* **DATASET EXTRACT**
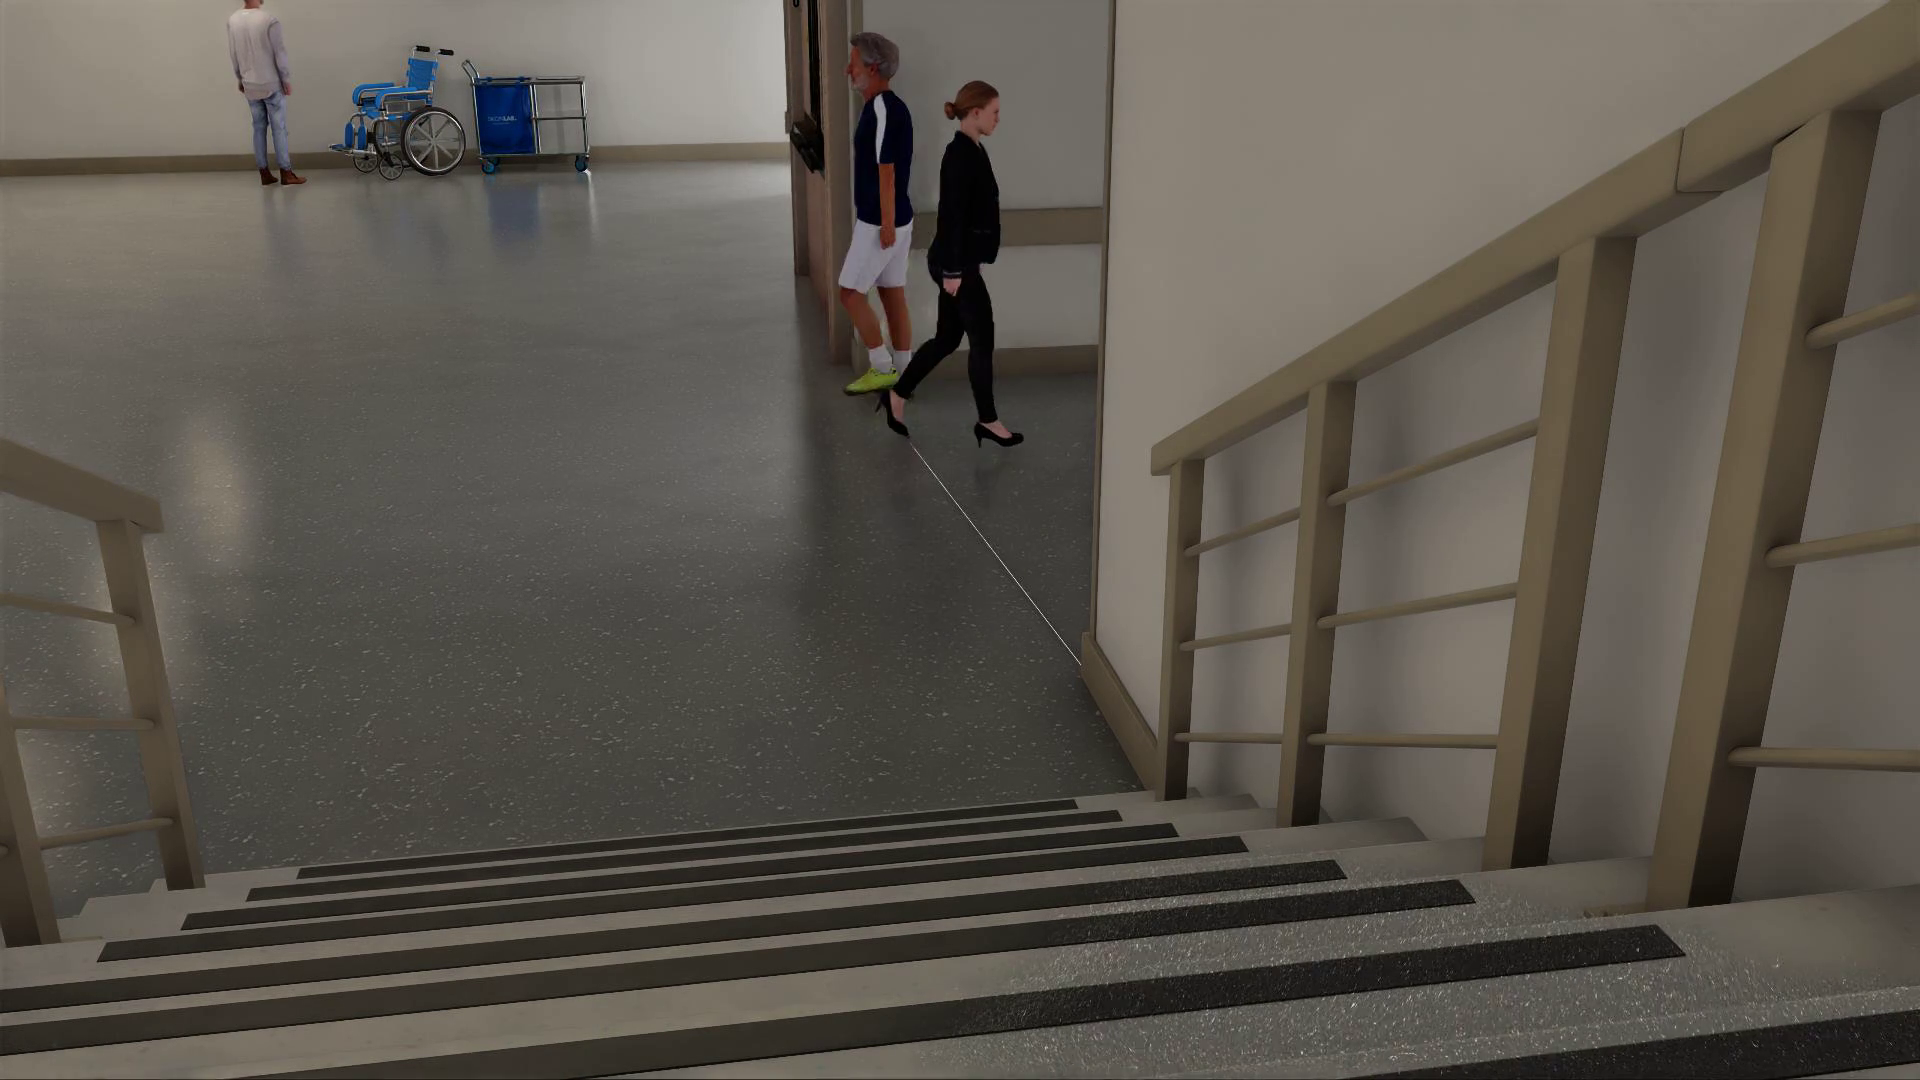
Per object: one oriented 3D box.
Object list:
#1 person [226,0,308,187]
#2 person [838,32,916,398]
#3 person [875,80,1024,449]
[{"bbox_3d":[-6.318,-4.155,15.081,0.750,1.839,0.683,4,21,9],"label":"person"},{"bbox_3d":[-0.309,-1.603,8.362,0.770,1.827,0.606,0,21,1],"label":"person"},{"bbox_3d":[-0.087,-1.227,7.615,0.885,1.651,0.965,4,21,9],"label":"person"}]
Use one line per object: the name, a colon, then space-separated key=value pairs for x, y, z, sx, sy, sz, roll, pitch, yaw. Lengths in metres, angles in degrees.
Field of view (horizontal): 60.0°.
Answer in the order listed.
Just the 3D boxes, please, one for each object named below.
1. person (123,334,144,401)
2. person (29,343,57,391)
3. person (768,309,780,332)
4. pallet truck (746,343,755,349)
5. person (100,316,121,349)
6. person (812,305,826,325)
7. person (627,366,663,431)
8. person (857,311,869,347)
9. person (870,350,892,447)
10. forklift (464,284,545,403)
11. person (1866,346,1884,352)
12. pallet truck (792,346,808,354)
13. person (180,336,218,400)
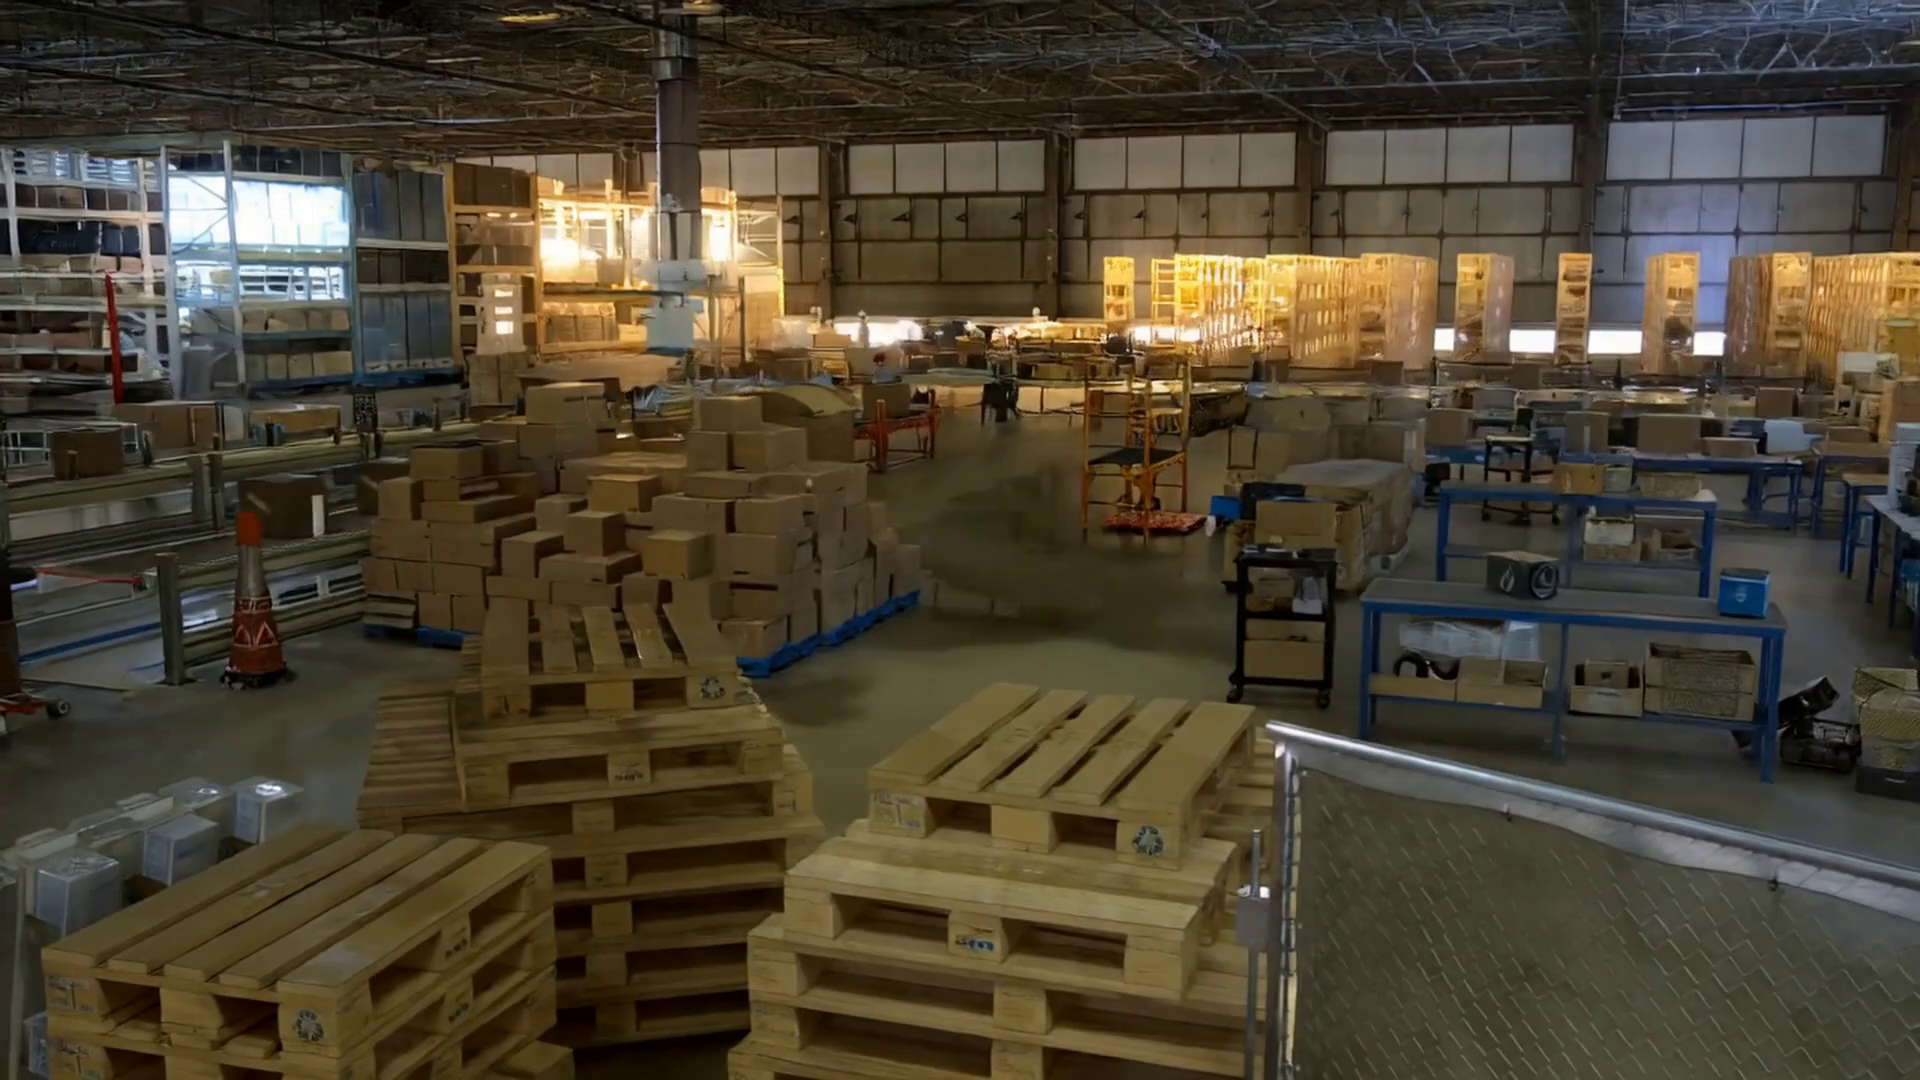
person: x=-19.942 y=-4.130 z=39.962 sx=0.523 sy=1.608 sz=0.669 roll=4 pitch=10 yaw=24
person: x=-18.705 y=-3.209 z=34.022 sx=0.701 sy=1.649 sz=0.610 roll=7 pitch=11 yaw=36
person: x=-6.991 y=-7.773 z=62.385 sx=0.528 sy=1.767 sz=0.329 roll=6 pitch=11 yaw=34
pallet truck: x=-6.183 y=-4.618 z=44.264 sx=1.601 sy=1.201 sz=0.680 roll=-9 pitch=12 yaw=-43
person: x=-24.103 y=-5.407 z=47.188 sx=0.549 sy=1.889 sz=1.012 roll=5 pitch=10 yaw=28
person: x=-5.127 y=-7.589 z=60.657 sx=0.614 sy=1.945 sz=0.403 roll=-6 pitch=11 yaw=-32
person: x=-4.761 y=-1.756 z=24.898 sx=0.547 sy=1.667 sz=0.742 roll=4 pitch=10 yaw=22
person: x=-2.849 y=-5.726 z=48.807 sx=0.376 sy=1.997 sz=0.612 roll=-1 pitch=9 yaw=-5
person: x=-1.389 y=-2.408 z=28.748 sx=0.386 sy=1.752 sz=0.542 roll=-5 pitch=10 yaw=-29
forklift: x=-10.832 y=-4.702 z=39.610 sx=1.129 sy=2.768 sz=1.873 roll=3 pitch=10 yaw=20
person: x=21.143 y=-4.035 z=38.482 sx=0.404 sy=1.903 sz=0.652 roll=4 pitch=10 yaw=26
pallet truck: x=-3.705 y=-4.298 z=42.022 sx=0.653 sy=1.274 sz=1.630 roll=3 pitch=10 yaw=20
person: x=-14.715 y=-2.988 z=32.044 sx=0.980 sy=1.850 sz=0.669 roll=6 pitch=11 yaw=34

* **PROBLEM DETAILS**
From the first line of the material down to the line containing "Use one line", inclusive, return each line exactly, skipping any picture.

* **ANSWER BOX**
Per object: one oriented 3D box.
Object list:
#1 person [226,0,308,187]
#2 person [838,32,916,398]
#3 person [875,80,1024,449]
[{"bbox_3d":[-6.318,-4.155,15.081,0.750,1.839,0.683,4,21,9],"label":"person"},{"bbox_3d":[-0.309,-1.603,8.362,0.770,1.827,0.606,0,21,1],"label":"person"},{"bbox_3d":[-0.087,-1.227,7.615,0.885,1.651,0.965,4,21,9],"label":"person"}]
Use one line per object: the name, a colon, then space-separated key=value pairs for x, y, z, sx, sy, sz, roll, pitch, yaw. Lengths in metres, angles in degrees.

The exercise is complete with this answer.